» **What is expected**: Output all the records word for word. Drop the pictures.

» **Information supplied**:
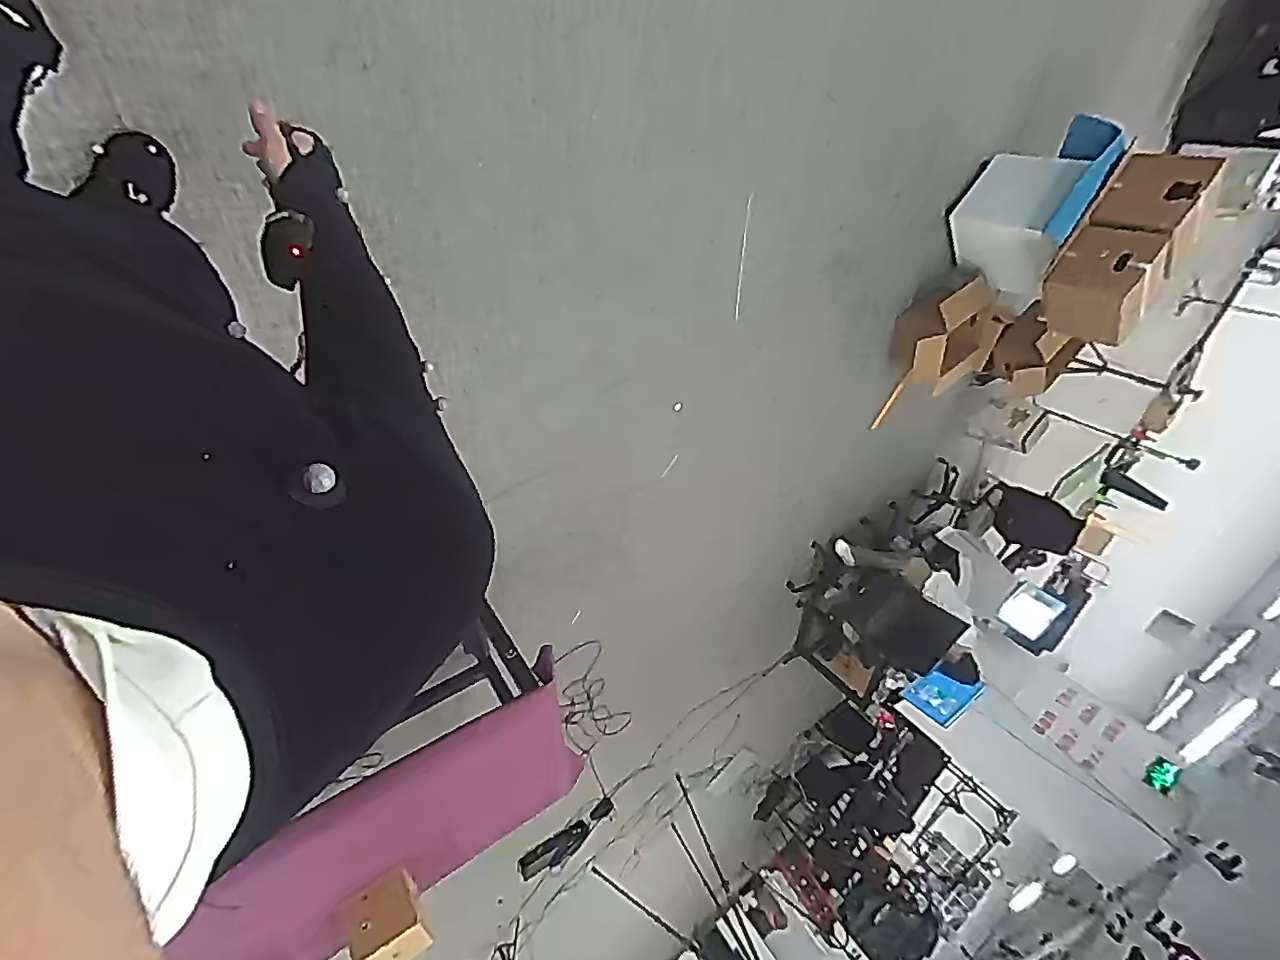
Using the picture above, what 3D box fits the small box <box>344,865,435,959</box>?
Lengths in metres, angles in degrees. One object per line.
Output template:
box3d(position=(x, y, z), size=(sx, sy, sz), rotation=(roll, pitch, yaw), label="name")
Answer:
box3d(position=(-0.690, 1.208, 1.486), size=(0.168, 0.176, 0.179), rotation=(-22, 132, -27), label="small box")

» **Response**:
Using the picture above, what 3D box fits the small box <box>344,865,435,959</box>?
Lengths in metres, angles in degrees. One object per line.
Output template:
box3d(position=(x, y, z), size=(sx, sy, sz), rotation=(roll, pitch, yaw), label="name")
Answer:
box3d(position=(-0.690, 1.208, 1.486), size=(0.168, 0.176, 0.179), rotation=(-22, 132, -27), label="small box")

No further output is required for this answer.